Kalau bicara tentang pendidikan, sejak dari sekolah dasar kita sudah diajarkan bahwa sekolah itu penting. Katanya sekolah itu adalah sebuah jalan menuju kesuksesan. Memang benar bahwa pendidikan adalah salah satu jalan menuju kesuksesan. Tetapi pendidikan sekolah formal terutama bukan menjadi faktor utama kesuksesan. Kebanyakan mereka yang sukses justru menempuh pendidikan di luar pendidikan formal.
Merasa heran bahwa mengapa banyak orang tua yang menggelontorkan banyak biaya untuk pendidikannya seperti diberikannya pendidikan les dan semacamnya agar Ia bisa kuliah di kampus favorit. Selepas pulang sekolah pasti ia harus les bahkan sampai larut malam.Orang tuanya bangga ketika ia mendapatkan nilai tinggi, dan masuk ke perguruan tinggi hingga mendapatkan pekerjaan.
Ini memang seperti pemikiran orang tua modern dan kriteria sukses yang didambakan. Namun sayangnya ini sebetulnya hanyalah sebuah kesuksesan mitos. Mengapa dikatakan mitos karena segalanya kesuksesan diukur oleh nilai.
Jika bicara tentang kesuksesan dan kepintaran apakah harus diukur dengan sebuah angka. Jika otak manusia diukur oleh sebuah angka apakah tidak ada bedanya dengan sebuah benda di pasaran. Apakah manusia itu diukur dengan angka bukan dengan rasa. Memang pantas saja saat ini manusia tidak memiliki ras karena segalanya diukur dengan angka.

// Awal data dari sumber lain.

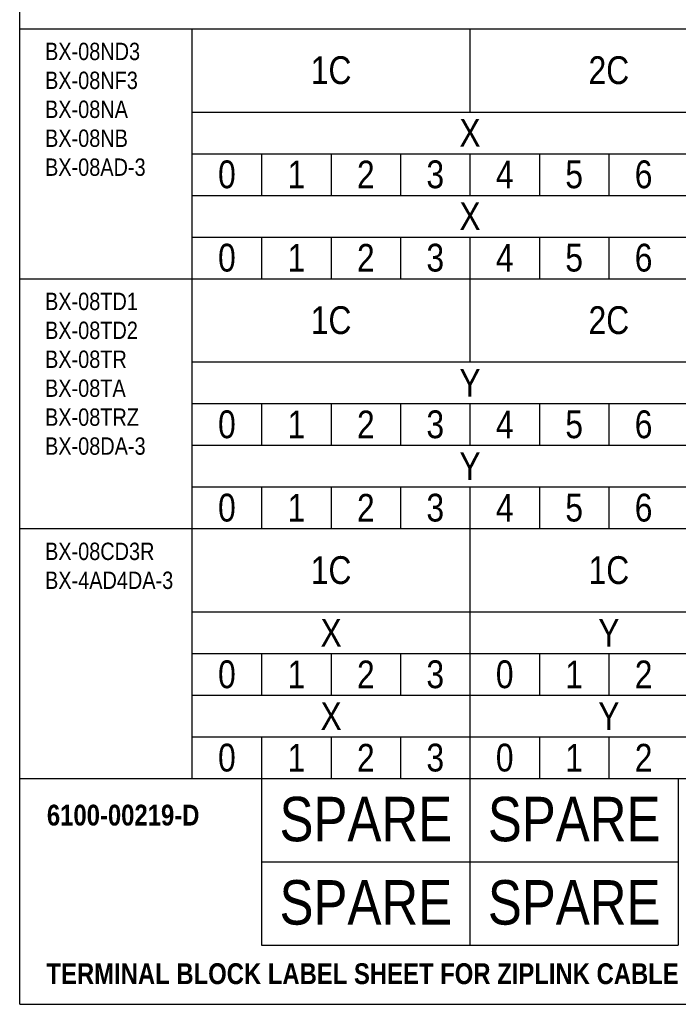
# Model space of a CAD drawing. Extents: x 104 to 429, y -181 to 40.
# Tile 1 of 16: x 243 to 290, y -136 to -66. Entities that reach past the tile are written whole.
import ezdxf

# ---------------------------------------------------------------- set-up
doc = ezdxf.new("R2010")
doc.units = 0
for name, color, linetype in [('DIECUT', 1, 'CONTINUOUS'), ('SHEET', 5, 'CONTINUOUS'), ('TEXT', 7, 'CONTINUOUS')]:
    doc.layers.add(name, color=color, linetype=linetype)
doc.styles.add('MX_NOTE_STANDARD', font='txt.shx', dxfattribs={"bigfont": 'extfont.shx'})

msp = doc.modelspace()

# ---------------------------------------------------------------- linework, layer by layer
at = {"layer": 'DIECUT', "linetype": 'Continuous'}
for p, q in [((255.307, -84.216), (255.307, -66.216)), ((255.307, -66.216), (295.307, -66.216)), ((255.307, -72.216), (295.307, -72.216)), ((255.307, -78.216), (295.307, -78.216)), ((255.307, -84.216), (295.307, -84.216)), ((255.307, -102.216), (255.307, -84.216)), ((255.307, -90.216), (295.307, -90.216)), ((255.307, -96.216), (295.307, -96.216)), ((255.307, -102.216), (295.307, -102.216)), ((255.307, -120.216), (255.307, -102.216)), ((255.307, -108.216), (295.307, -108.216)), ((255.307, -114.216), (295.307, -114.216)), ((255.307, -120.216), (295.307, -120.216)), ((260.307, -120.216), (260.307, -132.216)), ((275.307, -120.216), (275.307, -132.216)), ((290.307, -120.216), (290.307, -132.216)), ((260.307, -126.216), (290.307, -126.216)), ((260.307, -132.216), (290.307, -132.216))]:
    msp.add_line(p, q, dxfattribs=at)
at = {"layer": 'DIECUT', "color": 5, "linetype": 'Continuous'}
for p, q in [((255.307, -75.216), (295.307, -75.216)), ((255.307, -81.216), (295.307, -81.216)), ((255.307, -93.216), (295.307, -93.216)), ((255.307, -99.216), (295.307, -99.216)), ((255.307, -111.216), (295.307, -111.216)), ((255.307, -117.216), (295.307, -117.216))]:
    msp.add_line(p, q, dxfattribs=at)
at = {"layer": 'SHEET', "linetype": 'Continuous'}
for p, q in [((242.887, -66.216), (242.887, -58.452)), ((242.887, -84.216), (242.887, -66.216)), ((242.887, -66.216), (255.307, -66.216)), ((275.307, -66.216), (275.307, -72.216)), ((260.307, -75.216), (260.307, -78.216)), ((265.307, -75.216), (265.307, -78.216)), ((270.307, -75.216), (270.307, -78.216)), ((275.307, -75.216), (275.307, -78.216)), ((280.307, -75.216), (280.307, -78.216)), ((285.307, -75.216), (285.307, -78.216)), ((260.307, -81.216), (260.307, -84.216)), ((265.307, -81.216), (265.307, -84.216)), ((270.307, -81.216), (270.307, -84.216)), ((275.307, -81.216), (275.307, -84.216)), ((280.307, -81.216), (280.307, -84.216)), ((285.307, -81.216), (285.307, -84.216)), ((242.887, -84.216), (255.307, -84.216)), ((242.887, -102.216), (242.887, -84.216)), ((275.307, -84.216), (275.307, -90.216)), ((260.307, -93.216), (260.307, -96.216)), ((265.307, -93.216), (265.307, -96.216)), ((270.307, -93.216), (270.307, -96.216)), ((275.307, -93.216), (275.307, -96.216)), ((280.307, -93.216), (280.307, -96.216)), ((285.307, -93.216), (285.307, -96.216)), ((260.307, -99.216), (260.307, -102.216)), ((265.307, -99.216), (265.307, -102.216)), ((270.307, -99.216), (270.307, -102.216)), ((275.307, -99.216), (275.307, -102.216)), ((280.307, -99.216), (280.307, -102.216)), ((285.307, -99.216), (285.307, -102.216)), ((242.887, -102.216), (255.307, -102.216)), ((242.887, -120.216), (242.887, -102.216)), ((275.307, -102.216), (275.307, -108.216)), ((275.307, -108.216), (275.307, -111.216)), ((260.307, -111.216), (260.307, -114.216)), ((265.307, -111.216), (265.307, -114.216)), ((270.307, -111.216), (270.307, -114.216)), ((275.307, -111.216), (275.307, -114.216)), ((280.307, -111.216), (280.307, -114.216)), ((285.307, -111.216), (285.307, -114.216)), ((275.307, -114.216), (275.307, -117.216)), ((260.307, -117.216), (260.307, -120.216)), ((265.307, -117.216), (265.307, -120.216)), ((270.307, -117.216), (270.307, -120.216)), ((275.307, -117.216), (275.307, -120.216)), ((280.307, -117.216), (280.307, -120.216)), ((285.307, -117.216), (285.307, -120.216)), ((242.887, -120.216), (255.307, -120.216)), ((242.887, -120.216), (255.307, -120.216)), ((242.887, -136.469), (242.887, -120.216)), ((242.887, -136.469), (315.216, -136.469))]:
    msp.add_line(p, q, dxfattribs=at)

# ---------------------------------------------------------------- texts
at = {"layer": 'SHEET', "linetype": 'Continuous', "char_height": 1.25, "width": 60, "attachment_point": 1, "style": 'MX_NOTE_STANDARD'}
for s, insert in [('{\\fArial Narrow|b0|i0|c0|p34;BX-08ND3\\PBX-08NF3\\PBX-08NA\\PBX-08NB\\PBX-08AD-3}', (244.712, -67.226)), ('{\\fArial Narrow|b0|i0|c0|p34;BX-08TD1\\PBX-08TD2\\PBX-08TR\\PBX-08TA\\PBX-08TRZ\\PBX-08DA-3}', (244.712, -85.226)), ('{\\fArial Narrow|b0|i0|c0|p34;BX-08CD3R\\PBX-4AD4DA-3}', (244.712, -103.226))]:
    msp.add_mtext(s, dxfattribs=dict(at, insert=insert))
at = {"layer": 'SHEET', "linetype": 'Continuous', "char_height": 1.5, "attachment_point": 1, "style": 'MX_NOTE_STANDARD'}
for s, insert in [('{\\fArial Narrow|b1|i0|c0|p34;6100-00219-D}', (244.844, -122.095)), ('{\\fArial Narrow|b1|i0|c0|p34;TERMINAL BLOCK LABEL SHEET FOR ZIPLINK CABLE ZL-BXEM-CBL10}', (244.815, -133.513))]:
    msp.add_mtext(s, dxfattribs=dict(at, insert=insert))
at = {"layer": 'TEXT', "linetype": 'Continuous', "style": 'MX_NOTE_STANDARD'}
for s, insert, char_height, width, attachment_point in [('{\\fArial Narrow|b0|i0|c0|p34;1C}', (265.307, -69.216), 2, 20, 5), ('{\\fArial Narrow|b0|i0|c0|p34;2C}', (285.307, -69.216), 2, 20, 5), ('{\\fArial Narrow|b0|i0|c0|p34;X}', (275.307, -73.716), 2, 40, 5), ('{\\fArial Narrow|b0|i0|c0|p34;0}', (257.807, -76.716), 2, 5, 5), ('{\\fArial Narrow|b0|i0|c0|p34;1}', (262.807, -76.716), 2, 5, 5), ('{\\fArial Narrow|b0|i0|c0|p34;2}', (267.807, -76.716), 2, 5, 5), ('{\\fArial Narrow|b0|i0|c0|p34;3}', (272.807, -76.716), 2, 5, 5), ('{\\fArial Narrow|b0|i0|c0|p34;4}', (277.807, -76.716), 2, 5, 5), ('{\\fArial Narrow|b0|i0|c0|p34;5}', (282.807, -76.716), 2, 5, 5), ('{\\fArial Narrow|b0|i0|c0|p34;6}', (287.807, -76.716), 2, 5, 5), ('{\\fArial Narrow|b0|i0|c0|p34;X}', (275.307, -79.716), 2, 40, 5), ('{\\fArial Narrow|b0|i0|c0|p34;0}', (257.807, -82.716), 2, 5, 5), ('{\\fArial Narrow|b0|i0|c0|p34;1}', (262.807, -82.716), 2, 5, 5), ('{\\fArial Narrow|b0|i0|c0|p34;2}', (267.807, -82.716), 2, 5, 5), ('{\\fArial Narrow|b0|i0|c0|p34;3}', (272.807, -82.716), 2, 5, 5), ('{\\fArial Narrow|b0|i0|c0|p34;4}', (277.807, -82.716), 2, 5, 5), ('{\\fArial Narrow|b0|i0|c0|p34;5}', (282.807, -82.716), 2, 5, 5), ('{\\fArial Narrow|b0|i0|c0|p34;6}', (287.807, -82.716), 2, 5, 5), ('{\\fArial Narrow|b0|i0|c0|p34;1C}', (265.307, -87.216), 2, 20, 5), ('{\\fArial Narrow|b0|i0|c0|p34;2C}', (285.307, -87.216), 2, 20, 5), ('{\\fArial Narrow|b0|i0|c0|p34;Y}', (275.307, -91.716), 2, 40, 5), ('{\\fArial Narrow|b0|i0|c0|p34;0}', (257.807, -94.716), 2, 5, 5), ('{\\fArial Narrow|b0|i0|c0|p34;1}', (262.807, -94.716), 2, 5, 5), ('{\\fArial Narrow|b0|i0|c0|p34;2}', (267.807, -94.716), 2, 5, 5), ('{\\fArial Narrow|b0|i0|c0|p34;3}', (272.807, -94.716), 2, 5, 5), ('{\\fArial Narrow|b0|i0|c0|p34;4}', (277.807, -94.716), 2, 5, 5), ('{\\fArial Narrow|b0|i0|c0|p34;5}', (282.807, -94.716), 2, 5, 5), ('{\\fArial Narrow|b0|i0|c0|p34;6}', (287.807, -94.716), 2, 5, 5), ('{\\fArial Narrow|b0|i0|c0|p34;Y}', (275.307, -97.716), 2, 40, 5), ('{\\fArial Narrow|b0|i0|c0|p34;0}', (257.807, -100.716), 2, 5, 5), ('{\\fArial Narrow|b0|i0|c0|p34;1}', (262.807, -100.716), 2, 5, 5), ('{\\fArial Narrow|b0|i0|c0|p34;2}', (267.807, -100.716), 2, 5, 5), ('{\\fArial Narrow|b0|i0|c0|p34;3}', (272.807, -100.716), 2, 5, 5), ('{\\fArial Narrow|b0|i0|c0|p34;4}', (277.807, -100.716), 2, 5, 5), ('{\\fArial Narrow|b0|i0|c0|p34;5}', (282.807, -100.716), 2, 5, 5), ('{\\fArial Narrow|b0|i0|c0|p34;6}', (287.807, -100.716), 2, 5, 5), ('{\\fArial Narrow|b0|i0|c0|p34;1C}', (265.307, -105.216), 2, 20, 5), ('{\\fArial Narrow|b0|i0|c0|p34;1C}', (285.307, -105.216), 2, 20, 5), ('{\\fArial Narrow|b0|i0|c0|p34;X}', (265.307, -109.716), 2, 20, 5), ('{\\fArial Narrow|b0|i0|c0|p34;Y}', (285.307, -109.716), 2, 20, 5), ('{\\fArial Narrow|b0|i0|c0|p34;0}', (257.807, -112.716), 2, 5, 5), ('{\\fArial Narrow|b0|i0|c0|p34;1}', (262.807, -112.716), 2, 5, 5), ('{\\fArial Narrow|b0|i0|c0|p34;2}', (267.807, -112.716), 2, 5, 5), ('{\\fArial Narrow|b0|i0|c0|p34;3}', (272.807, -112.716), 2, 5, 5), ('{\\fArial Narrow|b0|i0|c0|p34;0}', (277.807, -112.716), 2, 5, 5), ('{\\fArial Narrow|b0|i0|c0|p34;1}', (282.807, -112.716), 2, 5, 5), ('{\\fArial Narrow|b0|i0|c0|p34;2}', (287.807, -112.716), 2, 5, 5), ('{\\fArial Narrow|b0|i0|c0|p34;X}', (265.307, -115.716), 2, 20, 5), ('{\\fArial Narrow|b0|i0|c0|p34;Y}', (285.307, -115.716), 2, 20, 5), ('{\\fArial Narrow|b0|i0|c0|p34;0}', (257.807, -118.716), 2, 5, 5), ('{\\fArial Narrow|b0|i0|c0|p34;2}', (267.807, -118.716), 2, 5, 5), ('{\\fArial Narrow|b0|i0|c0|p34;3}', (272.807, -118.716), 2, 5, 5), ('{\\fArial Narrow|b0|i0|c0|p34;0}', (277.807, -118.716), 2, 5, 5), ('{\\fArial Narrow|b0|i0|c0|p34;2}', (287.807, -118.716), 2, 5, 5), ('{\\fArial Narrow|b0|i0|c0|p34;1}', (262.807, -118.716), 2, 5, 5), ('{\\fArial Narrow|b0|i0|c0|p34;1}', (282.807, -118.716), 2, 5, 5), ('\\fArial Narrow|b0|i0|c0|p34;SPARE', (267.807, -121.528), 3.2, 5, 2), ('\\fArial Narrow|b0|i0|c0|p34;SPARE', (282.807, -121.528), 3.2, 5, 2), ('\\fArial Narrow|b0|i0|c0|p34;SPARE', (267.807, -127.528), 3.2, 5, 2), ('\\fArial Narrow|b0|i0|c0|p34;SPARE', (282.807, -127.528), 3.2, 5, 2)]:
    msp.add_mtext(s, dxfattribs=dict(at, insert=insert, char_height=char_height, width=width, attachment_point=attachment_point))

doc.saveas('drawing.dxf')
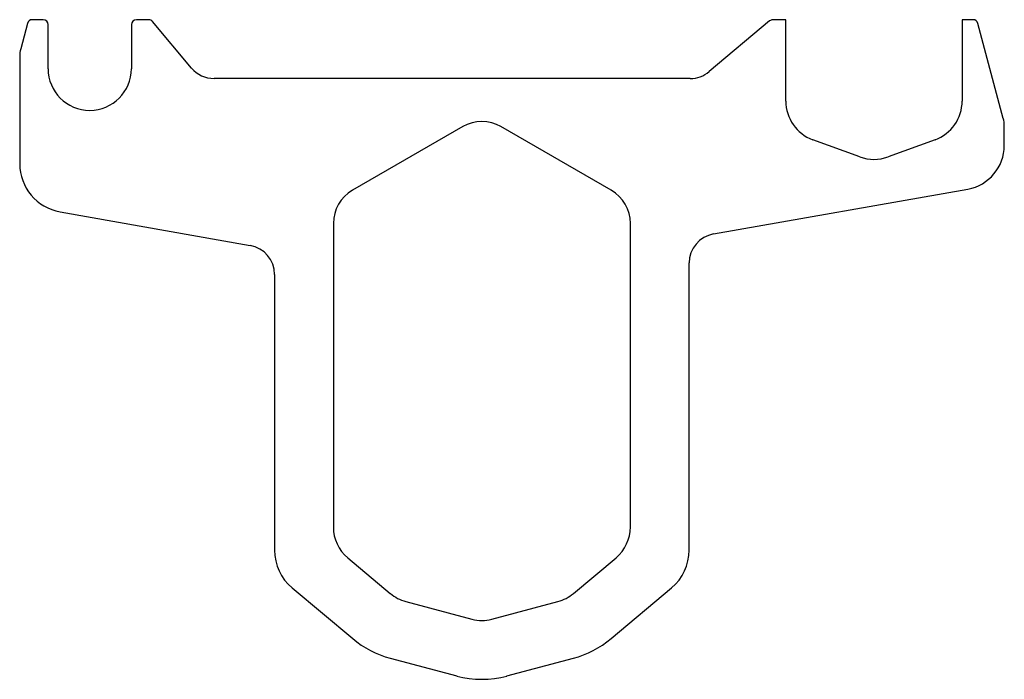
# Model space of a CAD drawing. Header units: millimetres. Extents: x 0 to 1005, y 0 to 674.
import ezdxf

# ---------------------------------------------------------------- set-up
doc = ezdxf.new("R2010")
doc.units = ezdxf.units.MM
doc.linetypes.add('SLD-Sürekli', pattern=[0])

msp = doc.modelspace()

# ---------------------------------------------------------------- linework, layer by layer
at = {"color": 7, "linetype": 'SLD-Sürekli', "lineweight": 25}
for p, q in [((24.4, 673.5), (13.2, 673.5)), ((132.1, 673.5), (119.4, 673.5)), ((781.9, 673.5), (768.7, 673.5)), ((781.9, 590.5), (781.9, 673.5)), ((973.1, 673.5), (961.9, 673.5)), ((961.9, 673.5), (961.9, 590.5)), ((8.4, 669.8), (1.4, 643.7)), ((29.4, 623.5), (29.4, 668.5)), ((114.4, 668.5), (114.4, 623.5)), ((175.8, 624.2), (135.9, 671.7)), ((765.5, 672.4), (703.8, 620.5)), ((1003.9, 572.8), (977.9, 669.8)), ((0.4, 636), (0.4, 526.6)), ((684.5, 613.5), (198.7, 613.5)), ((452.4, 564.4), (339.9, 499.5)), ((603.9, 499.5), (491.4, 564.4)), ((1004.9, 545), (1004.9, 565.1)), ((857.5, 533.6), (809.5, 551)), ((934.3, 551), (886.3, 533.6)), ((708.2, 454.9), (967.7, 500.6)), ((41.7, 477.4), (235.6, 443.2)), ((320.4, 465.7), (320.4, 155.9)), ((623.4, 155.9), (623.4, 465.7)), ((683.4, 132.1), (683.4, 425.3)), ((260.4, 413.6), (260.4, 132.1)), ((335, 124.5), (378.5, 88)), ((565.3, 88), (608.8, 124.5)), ((278.3, 93.8), (340.1, 41.9)), ((603.7, 41.9), (665.5, 93.8)), ((394.3, 79.8), (461.8, 61.7)), ((482, 61.7), (549.5, 79.8)), ((378.5, 21.9), (446.3, 3.8)), ((497.5, 3.8), (565.3, 21.9))]:
    msp.add_line(p, q, dxfattribs=at)
for centre, radius, start, end in [((13.2, 668.5), 5, 90, 165), ((24.4, 668.5), 5, 0, 90), ((119.4, 668.5), 5, 90, 180), ((132.1, 668.5), 5, 40, 90), ((768.7, 668.5), 5, 90, 130), ((973.1, 668.5), 5, 15, 90), ((30.4, 636), 30, 165, 180), ((71.9, 623.5), 42.5, 180, 0), ((198.7, 643.5), 30, 220, 270), ((684.5, 643.5), 30, 270, 310), ((823.9, 590.5), 42, 180, 250), ((919.9, 590.5), 42, 290, 0), ((974.9, 565.1), 30, 0, 15), ((471.9, 530.6), 39, 60, 120), ((959.9, 545), 45, 280, 0), ((871.9, 573), 42, 250, 290), ((50.4, 526.6), 50, 180, 260), ((359.4, 465.7), 39, 120, 180), ((584.4, 465.7), 39, 0, 60), ((713.4, 425.3), 30, 100, 180), ((230.4, 413.6), 30, 0, 80), ((361.4, 155.9), 41, 180, 230), ((582.4, 155.9), 41, 310, 0), ((310.4, 132.1), 50, 180, 230), ((633.4, 132.1), 50, 310, 0), ((404.9, 119.4), 41, 230, 255), ((538.9, 119.4), 41, 285, 310), ((471.9, 99.4), 39, 255, 285), ((404.4, 118.5), 100, 230, 255), ((539.4, 118.5), 100, 285, 310), ((471.9, 99.4), 99, 255, 285)]:
    msp.add_arc(centre, radius, start, end, dxfattribs=at)

doc.saveas('drawing.dxf')
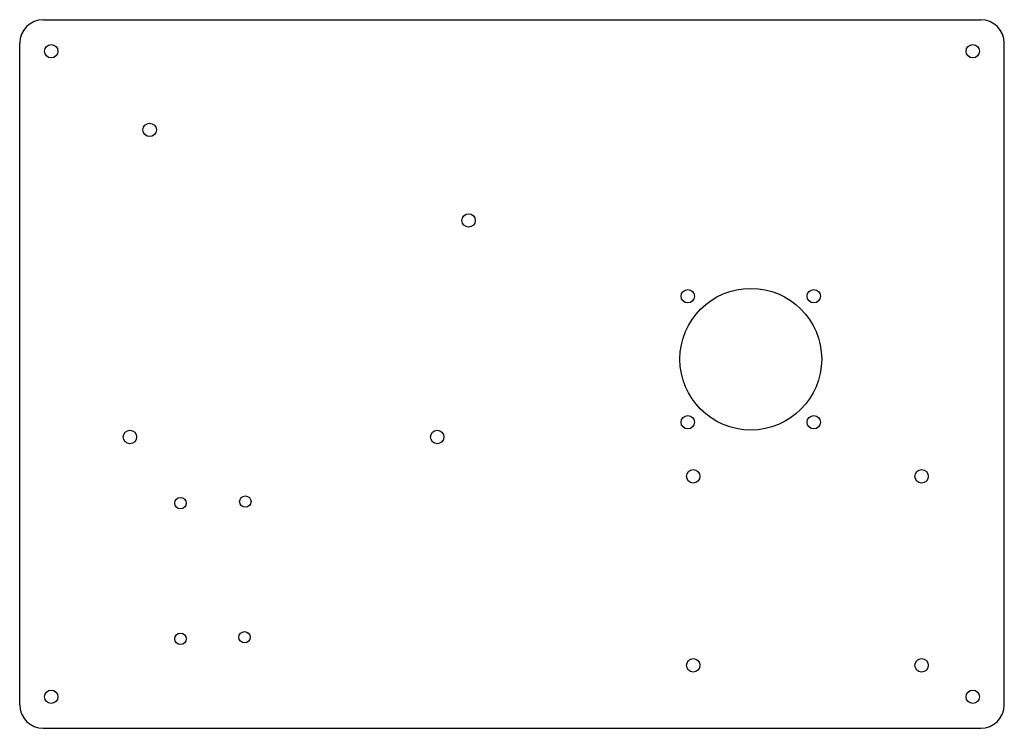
# Model space of a CAD drawing. Header units: millimetres. Extents: x 0 to 250, y 0 to 180.
import ezdxf

# ---------------------------------------------------------------- set-up
doc = ezdxf.new("R2010")
doc.units = ezdxf.units.MM

msp = doc.modelspace()

# ---------------------------------------------------------------- linework, layer by layer
at = {"layer": 'CUT'}
for p, q in [((6, 180), (244, 180)), ((0, 6), (0, 174)), ((250, 6), (250, 174)), ((6, 0), (244, 0))]:
    msp.add_line(p, q, dxfattribs=at)
for centre, radius in [((8, 172), 1.7), ((242, 172), 1.7), ((33, 152), 1.7), ((113.99, 129), 1.7), ((185.63, 93.76), 18), ((169.63, 109.76), 1.7), ((201.63, 109.76), 1.7), ((169.63, 77.76), 1.7), ((201.63, 77.76), 1.7), ((28, 74), 1.7), ((106, 74), 1.7), ((171, 64), 1.7), ((229, 64), 1.7), ((40.825, 57.185), 1.45), ((57.3, 57.585), 1.45), ((40.825, 22.725), 1.45), ((57.1, 23.125), 1.45), ((171, 16), 1.7), ((229, 16), 1.7), ((8, 8), 1.7), ((242, 8), 1.7)]:
    msp.add_circle(centre, radius, dxfattribs=at)
for centre, start, end in [((6, 174), 90, 180), ((244, 174), 0, 90), ((6, 6), 180, 270), ((244, 6), 270, 360)]:
    msp.add_arc(centre, 6, start, end, dxfattribs=at)

doc.saveas('drawing.dxf')

Pendidikan kita bahkan cita-cita kita memang selalu menggiring diri kita agar menjadi orang yang dimanfaatkan bukan orang yang bermanfaat. Katanya menjadi sebuah kebanggaan menjadi seorang doktor, insinyur, penemu dan sebagainya namun realitasnya mereka adalah manusia yang tak bebas dimana ia dikendalikan oleh lingkaran bisnis.
Semua profesi yang diciptakan di dunia ini kebanyakan untuk orientasi bisnis bukan untuk kesejahteraan. Jadi jika ada orang yang bangga dengan diterimanya masuk pada perusahaan yang hebat sebenarnya jangan bangga dulu karena itu bukan cita-cita kita sesungguhnya. Itu hanyalah sebuah cita-cita para pebisnis yang seakan-akan itulah keinginan kita.
Memang ini seakan seperti pikiran yang mind blowing yang mana, apakah cita-cita kita yang ditempa dari sekolah dasar adalah sebuah kendali pikiran? Mungkin bisa dikatakan Ia jika memang orientasinya untuk bekerja. Sehebat apapun pekerjaannya jika hubungannya dengan bisnis maka cita-cita kita tidak ada apa-apanya dengan mereka para pemilik dunia.
Pikiran kita rupanya terlalu sempit dalam memahami dunia yang mana pikirannya setelah selesai sekolah itu untuk bekerja. Apakah hidup membosankan seperti itu dimana yang dibangga-banggakan hanyalah cita-cita itu saja. Seakan-akan dunia itu linier padahal tidak demikian.
Cita-cita harusnya tidak seperti itu bukan berada pada kendali orang lain. Cita-cita harusnya bisa merubah keadaan menjadi lebih baik, bukannya mementingkan diri sendiri. Jika kita mengejar cita-cita untuk menjadi pekerja sesungguhnya cita-cita kita adalah untuk mewujudkan cita-citanya orang lain. Kita bukan seorang pembaharu namun seorang buruh yang dikendalikan oleh tuannya.
Tidak ada yang namanya cita-cita yang murni atas keinginan kita serta dengan kesadaran penuh. Semuanya baik konsumsi, pikiran, perasaan itu atas dasar kendali sosial terutama pasar. Siapa yang menciptakan beraneka ragam cita-cita bahkan dari mulai sistem pendidikan sampai sistem pekerjaan, semuanya itu tentu diciptakan dan berada pada kendali pasar.
Sebenarnya ini apakah sebuah sistem terbaik di dunia saat ini atau bukan. Jawabannya itu tentu saja tergantung, jika orientasinya hanyalah untuk kepentingan kesejahteraan segelintir orang lantas cita-cita kita justru hanyalah untuk memperkaya mereka dengan bangga kita mengangkat derajat mereka meski diberi sedikit upah.
Dunia kita saat ini adalah cerita tentang uang bukan cerita kita bagaimana menjadi seorang manusia. Apapun cita-citanya tentu bukanlah tujuannya untuk kemanusiaan tetapi untuk uang.